■ **What you should do**
Line by line, set down the records below from the first line through the line containing "doc.layers.add('BORDER', color=7, linetype='CONTINUOUS')". Omit the pictures.

[Input data Boundary: Start]

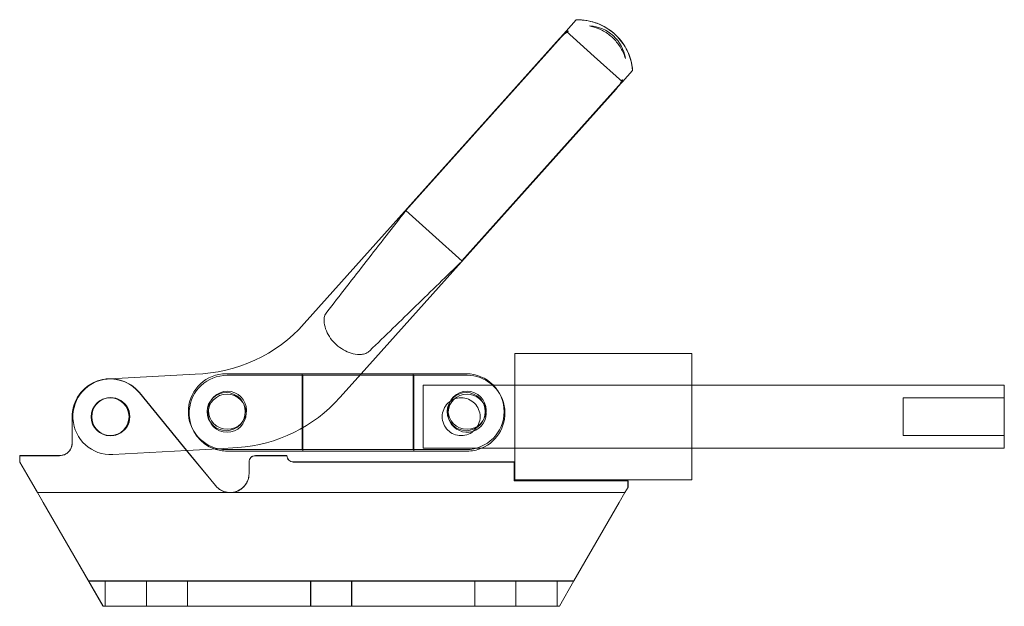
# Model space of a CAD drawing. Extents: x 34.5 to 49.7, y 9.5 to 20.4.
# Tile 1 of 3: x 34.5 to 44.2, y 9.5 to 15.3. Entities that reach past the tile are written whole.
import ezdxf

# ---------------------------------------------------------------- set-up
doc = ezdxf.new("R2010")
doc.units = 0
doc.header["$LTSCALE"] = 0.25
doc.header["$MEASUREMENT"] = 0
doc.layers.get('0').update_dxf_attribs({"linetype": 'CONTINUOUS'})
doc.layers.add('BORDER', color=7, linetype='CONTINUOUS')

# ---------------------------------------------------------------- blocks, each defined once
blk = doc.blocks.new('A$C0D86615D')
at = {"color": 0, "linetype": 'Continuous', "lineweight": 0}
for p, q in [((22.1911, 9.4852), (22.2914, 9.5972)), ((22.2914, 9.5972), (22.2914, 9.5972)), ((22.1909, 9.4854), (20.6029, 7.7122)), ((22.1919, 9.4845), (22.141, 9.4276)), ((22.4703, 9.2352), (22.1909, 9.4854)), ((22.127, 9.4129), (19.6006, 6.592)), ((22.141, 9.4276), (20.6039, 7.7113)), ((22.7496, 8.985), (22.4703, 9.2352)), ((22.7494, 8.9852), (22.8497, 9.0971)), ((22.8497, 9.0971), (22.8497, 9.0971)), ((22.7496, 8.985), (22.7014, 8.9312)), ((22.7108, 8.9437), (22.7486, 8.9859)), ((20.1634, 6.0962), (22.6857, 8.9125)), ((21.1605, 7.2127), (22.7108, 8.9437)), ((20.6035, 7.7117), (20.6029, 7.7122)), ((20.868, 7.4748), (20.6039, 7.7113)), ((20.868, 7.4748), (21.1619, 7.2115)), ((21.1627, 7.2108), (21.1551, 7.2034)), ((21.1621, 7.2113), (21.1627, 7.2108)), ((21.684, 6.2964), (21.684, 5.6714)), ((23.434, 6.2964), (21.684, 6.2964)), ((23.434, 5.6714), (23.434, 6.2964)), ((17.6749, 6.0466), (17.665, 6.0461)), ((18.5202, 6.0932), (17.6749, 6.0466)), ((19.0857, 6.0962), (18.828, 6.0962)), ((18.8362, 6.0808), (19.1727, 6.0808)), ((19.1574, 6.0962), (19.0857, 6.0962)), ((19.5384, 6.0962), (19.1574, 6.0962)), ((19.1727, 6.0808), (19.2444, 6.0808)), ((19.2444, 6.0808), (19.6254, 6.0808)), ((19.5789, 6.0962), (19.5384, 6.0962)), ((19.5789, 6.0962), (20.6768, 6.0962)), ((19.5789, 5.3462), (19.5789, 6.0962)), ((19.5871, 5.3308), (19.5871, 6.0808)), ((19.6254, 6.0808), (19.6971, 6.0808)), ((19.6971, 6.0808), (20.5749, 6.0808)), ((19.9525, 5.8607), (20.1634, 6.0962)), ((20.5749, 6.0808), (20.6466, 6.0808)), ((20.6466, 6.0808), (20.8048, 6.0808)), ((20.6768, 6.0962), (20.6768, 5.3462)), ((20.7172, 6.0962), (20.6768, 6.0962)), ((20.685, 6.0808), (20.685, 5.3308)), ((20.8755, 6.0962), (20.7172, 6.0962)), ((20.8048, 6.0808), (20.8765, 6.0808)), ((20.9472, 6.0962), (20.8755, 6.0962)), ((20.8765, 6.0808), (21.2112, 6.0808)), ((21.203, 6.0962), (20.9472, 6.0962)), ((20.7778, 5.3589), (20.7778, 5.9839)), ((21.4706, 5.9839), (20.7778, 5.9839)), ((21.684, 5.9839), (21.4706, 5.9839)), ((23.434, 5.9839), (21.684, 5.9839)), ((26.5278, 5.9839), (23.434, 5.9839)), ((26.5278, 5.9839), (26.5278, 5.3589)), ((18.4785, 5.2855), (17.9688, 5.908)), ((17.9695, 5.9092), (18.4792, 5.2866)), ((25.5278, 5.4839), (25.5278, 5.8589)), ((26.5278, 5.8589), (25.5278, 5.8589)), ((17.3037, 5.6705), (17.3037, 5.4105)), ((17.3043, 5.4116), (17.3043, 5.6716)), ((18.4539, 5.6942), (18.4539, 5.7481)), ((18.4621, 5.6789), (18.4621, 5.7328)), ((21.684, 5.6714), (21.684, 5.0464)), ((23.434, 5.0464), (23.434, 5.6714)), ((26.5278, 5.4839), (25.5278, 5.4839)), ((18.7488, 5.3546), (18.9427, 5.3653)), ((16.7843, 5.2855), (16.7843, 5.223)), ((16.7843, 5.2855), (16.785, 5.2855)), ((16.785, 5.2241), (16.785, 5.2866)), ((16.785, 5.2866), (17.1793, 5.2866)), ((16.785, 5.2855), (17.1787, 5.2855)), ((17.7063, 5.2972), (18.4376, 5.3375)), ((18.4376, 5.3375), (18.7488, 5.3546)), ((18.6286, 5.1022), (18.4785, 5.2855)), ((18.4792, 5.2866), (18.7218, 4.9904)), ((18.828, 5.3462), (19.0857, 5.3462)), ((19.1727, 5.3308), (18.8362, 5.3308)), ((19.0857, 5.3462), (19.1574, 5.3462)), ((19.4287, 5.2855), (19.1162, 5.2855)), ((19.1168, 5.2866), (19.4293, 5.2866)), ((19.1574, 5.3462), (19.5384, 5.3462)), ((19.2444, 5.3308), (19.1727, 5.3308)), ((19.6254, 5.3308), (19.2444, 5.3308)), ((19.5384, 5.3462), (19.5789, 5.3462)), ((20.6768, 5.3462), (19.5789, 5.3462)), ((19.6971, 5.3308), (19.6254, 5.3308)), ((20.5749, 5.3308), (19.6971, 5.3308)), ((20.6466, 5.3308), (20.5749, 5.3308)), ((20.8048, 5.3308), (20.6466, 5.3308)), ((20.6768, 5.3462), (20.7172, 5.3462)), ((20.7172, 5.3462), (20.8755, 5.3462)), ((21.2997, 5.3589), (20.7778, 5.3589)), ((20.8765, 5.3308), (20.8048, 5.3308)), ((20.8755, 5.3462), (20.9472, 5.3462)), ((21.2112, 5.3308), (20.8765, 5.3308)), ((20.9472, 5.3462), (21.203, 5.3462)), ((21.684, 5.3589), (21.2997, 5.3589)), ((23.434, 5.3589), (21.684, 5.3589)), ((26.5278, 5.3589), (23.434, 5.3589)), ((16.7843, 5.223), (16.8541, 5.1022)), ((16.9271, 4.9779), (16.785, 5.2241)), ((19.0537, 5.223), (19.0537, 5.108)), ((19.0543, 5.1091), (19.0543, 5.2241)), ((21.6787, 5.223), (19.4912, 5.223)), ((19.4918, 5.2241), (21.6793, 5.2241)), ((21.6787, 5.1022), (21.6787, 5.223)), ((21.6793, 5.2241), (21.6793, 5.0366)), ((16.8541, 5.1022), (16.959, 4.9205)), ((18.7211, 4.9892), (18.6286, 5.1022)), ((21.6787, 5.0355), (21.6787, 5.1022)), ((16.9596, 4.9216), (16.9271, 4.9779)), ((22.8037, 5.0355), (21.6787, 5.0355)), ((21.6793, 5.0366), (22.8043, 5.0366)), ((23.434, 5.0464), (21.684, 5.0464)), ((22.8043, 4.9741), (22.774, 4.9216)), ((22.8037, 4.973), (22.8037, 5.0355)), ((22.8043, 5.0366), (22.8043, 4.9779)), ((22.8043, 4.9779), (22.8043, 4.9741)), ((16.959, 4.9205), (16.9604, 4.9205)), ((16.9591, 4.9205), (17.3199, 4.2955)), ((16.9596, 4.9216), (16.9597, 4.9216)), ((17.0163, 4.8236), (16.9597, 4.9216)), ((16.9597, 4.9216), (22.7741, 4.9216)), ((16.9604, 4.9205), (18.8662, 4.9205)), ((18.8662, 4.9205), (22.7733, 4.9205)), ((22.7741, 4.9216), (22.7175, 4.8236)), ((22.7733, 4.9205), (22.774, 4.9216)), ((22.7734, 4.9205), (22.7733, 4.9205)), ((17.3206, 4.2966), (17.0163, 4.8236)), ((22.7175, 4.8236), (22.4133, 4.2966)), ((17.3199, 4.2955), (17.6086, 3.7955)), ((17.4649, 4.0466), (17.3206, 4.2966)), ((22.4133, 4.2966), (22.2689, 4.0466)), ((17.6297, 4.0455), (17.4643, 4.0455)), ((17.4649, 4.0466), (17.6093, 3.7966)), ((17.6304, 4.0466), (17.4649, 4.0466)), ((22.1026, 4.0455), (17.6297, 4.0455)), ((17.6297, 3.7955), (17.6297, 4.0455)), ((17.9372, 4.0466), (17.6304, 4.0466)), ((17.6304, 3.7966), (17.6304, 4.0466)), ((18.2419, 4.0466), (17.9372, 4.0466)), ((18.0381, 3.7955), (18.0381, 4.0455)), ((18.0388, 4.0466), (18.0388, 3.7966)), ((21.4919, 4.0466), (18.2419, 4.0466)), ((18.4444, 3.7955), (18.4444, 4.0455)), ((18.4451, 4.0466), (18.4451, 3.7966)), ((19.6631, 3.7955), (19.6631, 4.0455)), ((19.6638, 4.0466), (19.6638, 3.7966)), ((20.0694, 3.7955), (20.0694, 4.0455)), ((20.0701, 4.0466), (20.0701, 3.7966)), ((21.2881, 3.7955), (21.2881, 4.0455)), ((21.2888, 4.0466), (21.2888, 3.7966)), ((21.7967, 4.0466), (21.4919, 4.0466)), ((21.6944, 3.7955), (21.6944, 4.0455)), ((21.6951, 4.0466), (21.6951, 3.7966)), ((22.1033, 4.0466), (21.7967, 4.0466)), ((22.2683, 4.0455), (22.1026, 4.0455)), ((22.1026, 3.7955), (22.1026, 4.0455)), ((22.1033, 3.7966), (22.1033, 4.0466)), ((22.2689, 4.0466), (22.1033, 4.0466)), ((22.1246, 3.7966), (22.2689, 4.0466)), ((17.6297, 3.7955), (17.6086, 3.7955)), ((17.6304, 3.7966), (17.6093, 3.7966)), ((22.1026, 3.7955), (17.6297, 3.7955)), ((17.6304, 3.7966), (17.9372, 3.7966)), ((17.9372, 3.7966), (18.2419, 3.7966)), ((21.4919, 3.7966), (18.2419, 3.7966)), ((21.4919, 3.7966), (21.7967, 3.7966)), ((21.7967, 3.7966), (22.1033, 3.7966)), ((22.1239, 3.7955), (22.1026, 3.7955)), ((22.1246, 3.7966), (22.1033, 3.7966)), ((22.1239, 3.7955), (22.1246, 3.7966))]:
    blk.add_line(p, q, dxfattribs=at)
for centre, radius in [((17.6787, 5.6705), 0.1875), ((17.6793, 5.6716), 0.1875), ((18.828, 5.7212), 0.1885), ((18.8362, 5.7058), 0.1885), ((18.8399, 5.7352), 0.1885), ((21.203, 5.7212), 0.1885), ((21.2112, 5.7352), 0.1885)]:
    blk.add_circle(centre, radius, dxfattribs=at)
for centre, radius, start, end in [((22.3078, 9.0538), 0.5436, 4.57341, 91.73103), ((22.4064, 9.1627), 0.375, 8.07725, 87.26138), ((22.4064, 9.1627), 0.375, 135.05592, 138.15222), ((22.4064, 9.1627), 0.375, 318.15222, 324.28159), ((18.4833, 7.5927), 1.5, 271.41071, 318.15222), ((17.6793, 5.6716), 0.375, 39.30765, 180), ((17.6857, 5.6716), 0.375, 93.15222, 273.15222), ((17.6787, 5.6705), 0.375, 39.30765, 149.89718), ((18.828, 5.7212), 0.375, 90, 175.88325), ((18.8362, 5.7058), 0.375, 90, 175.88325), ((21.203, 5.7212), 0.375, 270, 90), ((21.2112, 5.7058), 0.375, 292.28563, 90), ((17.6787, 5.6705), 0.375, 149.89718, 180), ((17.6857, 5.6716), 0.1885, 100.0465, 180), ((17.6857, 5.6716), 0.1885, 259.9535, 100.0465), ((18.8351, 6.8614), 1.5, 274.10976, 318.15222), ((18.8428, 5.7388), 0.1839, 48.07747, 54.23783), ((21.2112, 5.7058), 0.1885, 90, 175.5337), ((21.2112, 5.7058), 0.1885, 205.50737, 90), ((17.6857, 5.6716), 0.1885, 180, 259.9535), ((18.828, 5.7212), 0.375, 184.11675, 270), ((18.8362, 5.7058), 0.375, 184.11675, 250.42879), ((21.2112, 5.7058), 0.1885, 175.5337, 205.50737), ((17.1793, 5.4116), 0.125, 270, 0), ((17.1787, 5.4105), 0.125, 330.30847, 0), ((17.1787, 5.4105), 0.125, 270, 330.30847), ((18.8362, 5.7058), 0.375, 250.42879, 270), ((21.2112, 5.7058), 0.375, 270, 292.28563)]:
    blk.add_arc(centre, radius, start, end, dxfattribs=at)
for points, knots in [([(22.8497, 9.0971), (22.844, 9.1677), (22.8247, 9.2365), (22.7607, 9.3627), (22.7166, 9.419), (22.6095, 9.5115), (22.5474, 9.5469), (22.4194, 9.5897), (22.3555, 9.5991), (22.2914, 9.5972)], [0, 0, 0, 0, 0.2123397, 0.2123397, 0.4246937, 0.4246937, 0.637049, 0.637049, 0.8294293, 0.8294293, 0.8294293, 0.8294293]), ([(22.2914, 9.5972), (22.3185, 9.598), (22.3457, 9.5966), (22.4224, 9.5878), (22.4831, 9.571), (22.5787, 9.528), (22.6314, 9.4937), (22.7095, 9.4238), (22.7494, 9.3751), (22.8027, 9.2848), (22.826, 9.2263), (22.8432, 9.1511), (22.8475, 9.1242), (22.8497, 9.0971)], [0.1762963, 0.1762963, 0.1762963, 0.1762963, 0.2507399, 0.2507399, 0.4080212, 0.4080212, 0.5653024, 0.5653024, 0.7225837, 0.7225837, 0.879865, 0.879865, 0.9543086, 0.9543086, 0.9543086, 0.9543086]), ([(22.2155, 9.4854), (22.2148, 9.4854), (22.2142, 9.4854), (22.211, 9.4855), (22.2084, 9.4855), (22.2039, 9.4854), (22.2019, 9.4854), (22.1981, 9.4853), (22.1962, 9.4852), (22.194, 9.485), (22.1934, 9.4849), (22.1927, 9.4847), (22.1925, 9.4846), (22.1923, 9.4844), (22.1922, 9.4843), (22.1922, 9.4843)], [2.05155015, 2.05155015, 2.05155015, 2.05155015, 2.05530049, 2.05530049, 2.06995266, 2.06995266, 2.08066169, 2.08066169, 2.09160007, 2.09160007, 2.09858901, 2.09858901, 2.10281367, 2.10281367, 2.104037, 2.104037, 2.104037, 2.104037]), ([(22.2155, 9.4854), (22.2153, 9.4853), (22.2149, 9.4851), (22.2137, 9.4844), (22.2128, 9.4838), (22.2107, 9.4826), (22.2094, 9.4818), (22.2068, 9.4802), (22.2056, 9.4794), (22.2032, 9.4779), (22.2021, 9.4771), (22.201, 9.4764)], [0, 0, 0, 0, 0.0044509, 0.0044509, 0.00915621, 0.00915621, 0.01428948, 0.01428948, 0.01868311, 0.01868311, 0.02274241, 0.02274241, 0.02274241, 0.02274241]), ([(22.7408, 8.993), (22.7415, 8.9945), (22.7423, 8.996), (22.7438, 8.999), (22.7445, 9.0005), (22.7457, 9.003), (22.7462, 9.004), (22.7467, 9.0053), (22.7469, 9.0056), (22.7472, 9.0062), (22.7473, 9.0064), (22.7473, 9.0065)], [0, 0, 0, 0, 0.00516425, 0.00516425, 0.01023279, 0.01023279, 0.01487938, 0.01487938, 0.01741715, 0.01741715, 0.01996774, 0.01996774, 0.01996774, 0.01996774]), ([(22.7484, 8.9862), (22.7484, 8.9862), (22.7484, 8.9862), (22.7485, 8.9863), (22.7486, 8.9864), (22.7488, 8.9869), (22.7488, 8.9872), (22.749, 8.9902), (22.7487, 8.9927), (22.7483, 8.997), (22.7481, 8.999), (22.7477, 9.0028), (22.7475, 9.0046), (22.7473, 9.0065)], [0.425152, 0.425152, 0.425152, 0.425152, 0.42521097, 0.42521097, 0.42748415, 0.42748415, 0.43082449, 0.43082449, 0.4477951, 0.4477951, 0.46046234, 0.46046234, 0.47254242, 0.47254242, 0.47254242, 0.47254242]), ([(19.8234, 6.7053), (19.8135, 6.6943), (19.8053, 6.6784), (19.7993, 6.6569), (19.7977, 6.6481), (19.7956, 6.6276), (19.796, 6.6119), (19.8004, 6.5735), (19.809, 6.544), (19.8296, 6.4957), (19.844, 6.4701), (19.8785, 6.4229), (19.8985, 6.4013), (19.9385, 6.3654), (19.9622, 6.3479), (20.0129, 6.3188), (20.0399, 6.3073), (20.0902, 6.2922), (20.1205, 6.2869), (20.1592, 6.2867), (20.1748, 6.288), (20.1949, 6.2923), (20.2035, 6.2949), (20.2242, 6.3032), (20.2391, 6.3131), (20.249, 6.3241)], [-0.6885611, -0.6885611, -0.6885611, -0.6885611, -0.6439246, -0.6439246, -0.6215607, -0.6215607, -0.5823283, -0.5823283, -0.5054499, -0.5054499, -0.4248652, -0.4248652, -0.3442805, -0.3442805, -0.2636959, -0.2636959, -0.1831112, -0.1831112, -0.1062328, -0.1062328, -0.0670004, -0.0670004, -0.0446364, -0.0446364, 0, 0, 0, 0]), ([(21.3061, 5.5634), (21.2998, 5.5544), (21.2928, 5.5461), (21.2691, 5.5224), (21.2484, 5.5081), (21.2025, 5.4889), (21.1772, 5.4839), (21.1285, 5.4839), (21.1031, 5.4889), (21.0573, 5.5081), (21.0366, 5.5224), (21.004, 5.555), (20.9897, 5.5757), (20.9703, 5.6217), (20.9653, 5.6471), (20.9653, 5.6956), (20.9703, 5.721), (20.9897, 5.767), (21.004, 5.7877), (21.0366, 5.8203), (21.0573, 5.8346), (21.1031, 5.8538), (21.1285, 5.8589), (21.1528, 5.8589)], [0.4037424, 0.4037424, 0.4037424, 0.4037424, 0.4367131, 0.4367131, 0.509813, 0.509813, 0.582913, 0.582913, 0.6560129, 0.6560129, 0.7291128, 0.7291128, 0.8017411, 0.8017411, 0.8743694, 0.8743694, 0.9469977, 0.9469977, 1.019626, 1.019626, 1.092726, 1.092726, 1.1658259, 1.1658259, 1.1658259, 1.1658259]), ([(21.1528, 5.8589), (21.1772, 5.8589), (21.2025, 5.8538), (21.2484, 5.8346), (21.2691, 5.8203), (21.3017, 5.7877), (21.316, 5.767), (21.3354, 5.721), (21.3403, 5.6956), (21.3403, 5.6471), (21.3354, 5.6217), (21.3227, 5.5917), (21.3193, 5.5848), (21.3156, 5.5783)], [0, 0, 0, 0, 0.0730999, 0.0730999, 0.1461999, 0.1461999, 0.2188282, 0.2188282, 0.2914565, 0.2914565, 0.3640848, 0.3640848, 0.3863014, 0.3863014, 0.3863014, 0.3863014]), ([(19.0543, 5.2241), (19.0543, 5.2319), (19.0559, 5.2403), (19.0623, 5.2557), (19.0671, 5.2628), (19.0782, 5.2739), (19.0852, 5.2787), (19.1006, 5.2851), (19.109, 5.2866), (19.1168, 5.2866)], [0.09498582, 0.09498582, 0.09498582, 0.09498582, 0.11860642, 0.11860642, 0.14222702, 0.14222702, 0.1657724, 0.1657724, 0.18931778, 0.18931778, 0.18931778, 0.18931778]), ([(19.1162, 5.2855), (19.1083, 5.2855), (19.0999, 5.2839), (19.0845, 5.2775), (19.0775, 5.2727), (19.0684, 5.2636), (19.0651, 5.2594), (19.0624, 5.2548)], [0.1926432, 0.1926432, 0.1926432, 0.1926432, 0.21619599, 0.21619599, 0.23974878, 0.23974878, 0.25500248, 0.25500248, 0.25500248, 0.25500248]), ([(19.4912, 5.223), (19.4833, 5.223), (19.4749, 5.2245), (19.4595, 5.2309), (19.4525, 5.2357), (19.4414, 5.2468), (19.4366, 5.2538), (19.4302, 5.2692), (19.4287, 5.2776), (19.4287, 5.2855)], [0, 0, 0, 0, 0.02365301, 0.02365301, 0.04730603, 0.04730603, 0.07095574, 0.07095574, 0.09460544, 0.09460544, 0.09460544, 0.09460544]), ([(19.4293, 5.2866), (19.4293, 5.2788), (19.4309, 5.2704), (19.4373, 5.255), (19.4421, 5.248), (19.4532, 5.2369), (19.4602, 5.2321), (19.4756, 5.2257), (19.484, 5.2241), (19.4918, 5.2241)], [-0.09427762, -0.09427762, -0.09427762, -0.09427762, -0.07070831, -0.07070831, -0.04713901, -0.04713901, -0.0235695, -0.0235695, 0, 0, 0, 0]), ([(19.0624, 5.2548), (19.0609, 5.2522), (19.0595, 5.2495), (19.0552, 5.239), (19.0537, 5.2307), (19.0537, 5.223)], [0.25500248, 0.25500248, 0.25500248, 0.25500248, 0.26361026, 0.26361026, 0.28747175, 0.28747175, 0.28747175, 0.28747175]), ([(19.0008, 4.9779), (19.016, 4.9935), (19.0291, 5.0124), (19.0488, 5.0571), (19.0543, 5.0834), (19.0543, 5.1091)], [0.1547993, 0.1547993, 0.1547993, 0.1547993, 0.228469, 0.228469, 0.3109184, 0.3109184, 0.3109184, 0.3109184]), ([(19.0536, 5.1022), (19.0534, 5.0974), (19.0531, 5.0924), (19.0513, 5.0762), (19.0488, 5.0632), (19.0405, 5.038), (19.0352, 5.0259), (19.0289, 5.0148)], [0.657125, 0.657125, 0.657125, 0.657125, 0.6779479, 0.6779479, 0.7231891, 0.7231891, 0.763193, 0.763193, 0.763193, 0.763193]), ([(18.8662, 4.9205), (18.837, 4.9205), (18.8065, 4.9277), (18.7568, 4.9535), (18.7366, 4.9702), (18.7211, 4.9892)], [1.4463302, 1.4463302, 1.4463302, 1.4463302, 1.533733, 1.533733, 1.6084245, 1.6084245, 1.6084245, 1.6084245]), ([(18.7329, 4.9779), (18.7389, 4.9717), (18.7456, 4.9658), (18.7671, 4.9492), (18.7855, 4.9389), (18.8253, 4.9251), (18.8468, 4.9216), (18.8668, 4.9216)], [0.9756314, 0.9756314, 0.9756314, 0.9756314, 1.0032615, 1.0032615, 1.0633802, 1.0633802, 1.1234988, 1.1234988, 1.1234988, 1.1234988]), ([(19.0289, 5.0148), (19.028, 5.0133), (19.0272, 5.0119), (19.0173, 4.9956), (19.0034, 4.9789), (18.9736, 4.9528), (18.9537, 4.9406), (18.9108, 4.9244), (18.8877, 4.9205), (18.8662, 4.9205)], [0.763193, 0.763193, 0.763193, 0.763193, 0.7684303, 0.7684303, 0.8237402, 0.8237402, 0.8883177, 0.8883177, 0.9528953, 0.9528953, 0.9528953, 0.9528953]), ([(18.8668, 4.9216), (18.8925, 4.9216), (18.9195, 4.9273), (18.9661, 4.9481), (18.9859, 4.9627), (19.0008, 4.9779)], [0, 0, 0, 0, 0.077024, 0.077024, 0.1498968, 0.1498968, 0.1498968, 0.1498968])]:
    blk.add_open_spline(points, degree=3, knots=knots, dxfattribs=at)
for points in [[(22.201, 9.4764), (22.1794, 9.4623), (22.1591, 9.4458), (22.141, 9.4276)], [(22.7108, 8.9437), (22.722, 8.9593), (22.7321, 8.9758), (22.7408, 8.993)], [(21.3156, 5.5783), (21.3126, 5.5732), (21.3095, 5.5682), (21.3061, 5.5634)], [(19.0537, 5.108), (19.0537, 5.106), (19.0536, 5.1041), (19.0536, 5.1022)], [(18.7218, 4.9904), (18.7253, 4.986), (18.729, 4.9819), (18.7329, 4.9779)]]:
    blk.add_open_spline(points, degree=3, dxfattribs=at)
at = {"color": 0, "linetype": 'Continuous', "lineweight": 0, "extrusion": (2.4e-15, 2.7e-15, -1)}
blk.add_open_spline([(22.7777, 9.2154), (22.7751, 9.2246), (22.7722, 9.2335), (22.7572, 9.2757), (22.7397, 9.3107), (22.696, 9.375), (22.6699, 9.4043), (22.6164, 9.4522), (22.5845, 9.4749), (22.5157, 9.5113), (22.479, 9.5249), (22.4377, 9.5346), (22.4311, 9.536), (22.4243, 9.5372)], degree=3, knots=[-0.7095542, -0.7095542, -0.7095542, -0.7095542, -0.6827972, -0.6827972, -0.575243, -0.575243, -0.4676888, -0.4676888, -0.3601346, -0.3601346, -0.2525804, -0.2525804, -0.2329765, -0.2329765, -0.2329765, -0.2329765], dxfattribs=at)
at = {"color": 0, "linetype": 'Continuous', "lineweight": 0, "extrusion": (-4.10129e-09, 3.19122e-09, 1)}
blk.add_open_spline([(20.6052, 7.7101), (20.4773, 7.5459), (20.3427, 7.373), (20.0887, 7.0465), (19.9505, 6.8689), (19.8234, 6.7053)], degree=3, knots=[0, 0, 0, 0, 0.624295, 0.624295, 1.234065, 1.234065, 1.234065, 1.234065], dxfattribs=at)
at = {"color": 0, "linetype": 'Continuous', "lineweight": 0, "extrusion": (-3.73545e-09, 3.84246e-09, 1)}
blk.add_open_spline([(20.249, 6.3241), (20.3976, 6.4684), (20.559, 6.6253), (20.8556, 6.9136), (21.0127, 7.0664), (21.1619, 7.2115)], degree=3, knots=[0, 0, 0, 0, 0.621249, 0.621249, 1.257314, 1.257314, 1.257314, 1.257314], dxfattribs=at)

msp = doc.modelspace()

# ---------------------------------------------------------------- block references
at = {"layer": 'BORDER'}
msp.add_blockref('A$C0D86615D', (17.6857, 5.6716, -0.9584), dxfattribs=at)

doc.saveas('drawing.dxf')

[Input data Boundary: End]

■ **Result**
# Model space of a CAD drawing. Extents: x 34.5 to 49.7, y 9.5 to 20.4.
# Tile 1 of 3: x 34.5 to 44.2, y 9.5 to 15.3. Entities that reach past the tile are written whole.
import ezdxf

# ---------------------------------------------------------------- set-up
doc = ezdxf.new("R2010")
doc.units = 0
doc.header["$LTSCALE"] = 0.25
doc.header["$MEASUREMENT"] = 0
doc.layers.get('0').update_dxf_attribs({"linetype": 'CONTINUOUS'})
doc.layers.add('BORDER', color=7, linetype='CONTINUOUS')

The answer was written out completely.